Public surface (signatures only — no new types)

pub struct LexicalRetriever { /* internal: holds an Arc<rusqlite::Connection> + IndexVersion */ }

impl LexicalRetriever {
    pub fn new(store: std::sync::Arc<kb_store_sqlite::SqliteStore>, index_version: kb_core::IndexVersion) -> Self;
}

impl kb_core::Retriever for LexicalRetriever {
    fn search(&self, query: &kb_core::SearchQuery) -> anyhow::Result<Vec<kb_core::SearchHit>>;
    fn index_version(&self) -> kb_core::IndexVersion;
}

Behavior contract

  • SQL pattern (read-only):
    SELECT
      f.chunk_id, f.doc_id,
      bm25(chunks_fts) AS score,
      snippet(chunks_fts, 3, '', '', '…', :snippet_words) AS snippet,
      c.heading_path_json, c.section_label, c.source_spans_json, c.chunker_version,
      d.workspace_path, d.title
    FROM chunks_fts f
    JOIN chunks c   ON c.chunk_id = f.chunk_id
    JOIN documents d ON d.doc_id = f.doc_id
    WHERE chunks_fts MATCH :match
    ORDER BY score
    LIMIT :k
    
    with score ASC because SQLite FTS5 returns negative bm25 (lower = better).
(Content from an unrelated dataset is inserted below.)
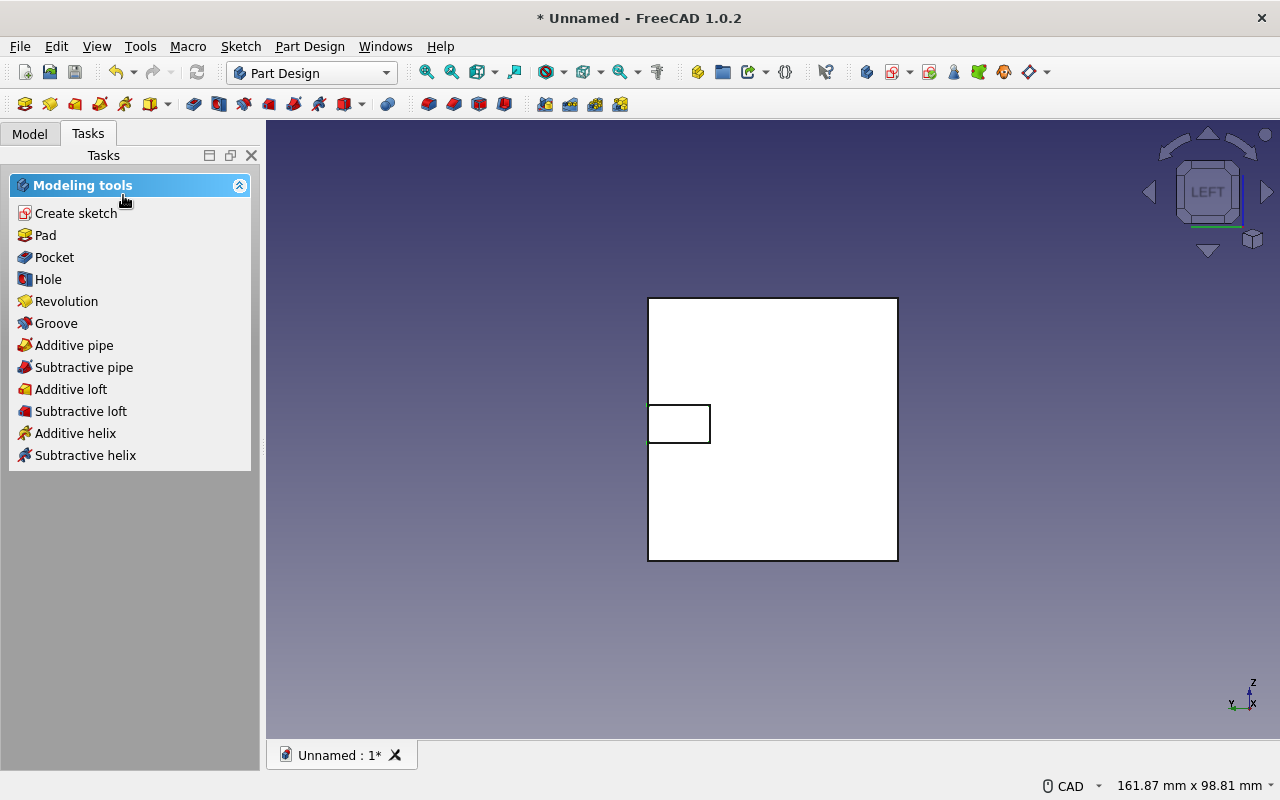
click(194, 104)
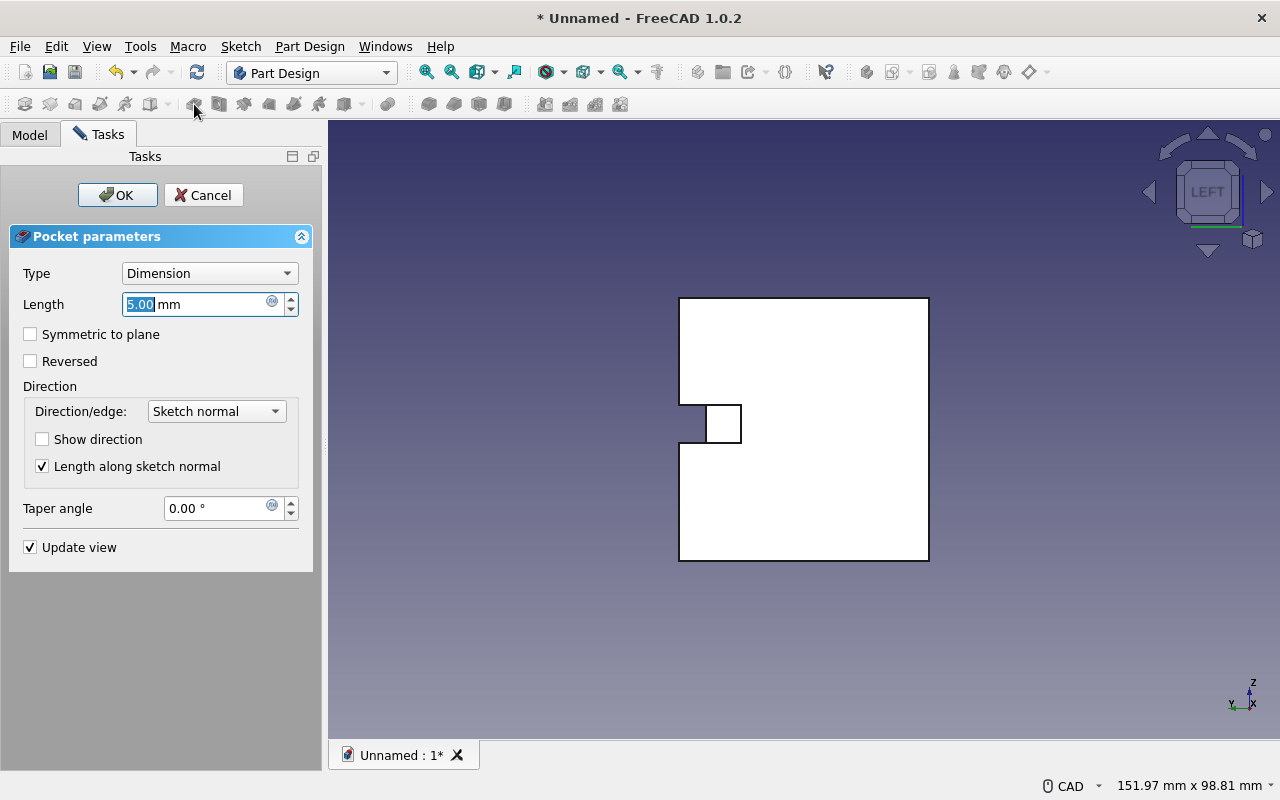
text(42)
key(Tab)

Convert to a positive normalized score for SearchHit.retrieval.fusion_score: score = -bm25_raw / (1 + abs(bm25_raw)) (bounded ~[0,1]).
  • :match building: tokenize the query string conservatively (split on whitespace, escape FTS5 special chars, default to AND of terms; if the user supplied an explicit FTS5 expression, pass it through when wrapped in single quotes).
  • :snippet_words derived from config.search.snippet_chars / 4 (~chars-per-token estimate). Snippet length must not exceed snippet_chars characters.
  • SearchHit.citation constructed from chunks.source_spans_json first span:
    • LineCitation::Line { path, start, end, section: section_label }
    • PageCitation::Page { path, page, section: section_label }
    • other variants → forwarded as-is.
  • SearchHit.retrieval = RetrievalDetail { method: SearchMode::Lexical, lexical_score: Some(normalized), vector_score: None, fusion_score: normalized, lexical_rank: Some(rank), vector_rank: None }.
  • index_version() returns the IndexVersion configured at construction (e.g., "v1.0").
  • Filters (SearchFilters):
    • tags_any → join document_tags and add IN (:tags) condition
    • langdocuments.lang = :lang
    • path_glob → SQL LIKE with glob translated via globset
    • trust_min → ordered enum compare
  • Empty match string returns Ok(vec![]) (no error).
  • Determinism: same DB + same query → same Vec<SearchHit> order.

Storage / wire effects

  • Reads only. Never mutates kb.sqlite.
  • Wire: Vec<SearchHit> serialized via wire schema search_hit.v1 when kb-cli --json is used.

Test plan

kind description fixture / data
unit empty corpus → empty Vec<SearchHit> tmp DB
unit single-doc corpus matches keyword and returns 1 hit with citation tmp DB seeded from fixtures/markdown/code-and-table.md
unit snippet length ≤ snippet_chars tmp DB
unit filter tags_any=["rust"] excludes docs without that tag tmp DB
unit citation line range round-trip equals chunk's source_spans first span tmp DB
unit bm25 normalization keeps top-1 score in (0, 1] tmp DB with 3 ranked chunks
determinism identical query twice produces identical hit order and scores tmp DB
snapshot Vec<SearchHit> JSON for fixed corpus stable fixtures/search/lexical/run-1.json

All tests under cargo test -p kb-search lexical.

Definition of Done

  • cargo check -p kb-search passes
  • cargo test -p kb-search lexical passes
  • No imports outside Allowed dependencies (cargo tree -p kb-search audit)
  • Output JSON conforms to docs/wire-schema/v1/search_hit.schema.json
  • PR links design §3.7, §0 Q3, §2.2

Out of scope

  • Vector search (p3-3).
  • Hybrid fusion (p3-4).
  • Reranker (P+).
  • Korean morphological tokenizer (P+).

Risks / notes

  • bm25 raw scores depend on FTS5 internals; the normalization formula chosen here is for display + RRF input. Avoid leaking raw bm25 to wire schema.
  • globset translation of path_glob: ensure * does not match / to avoid surprising matches.
  • SQLite FTS5 query string is sensitive to special characters (", ^, *, :, (, )); always escape unless the caller explicitly opted into FTS5 syntax.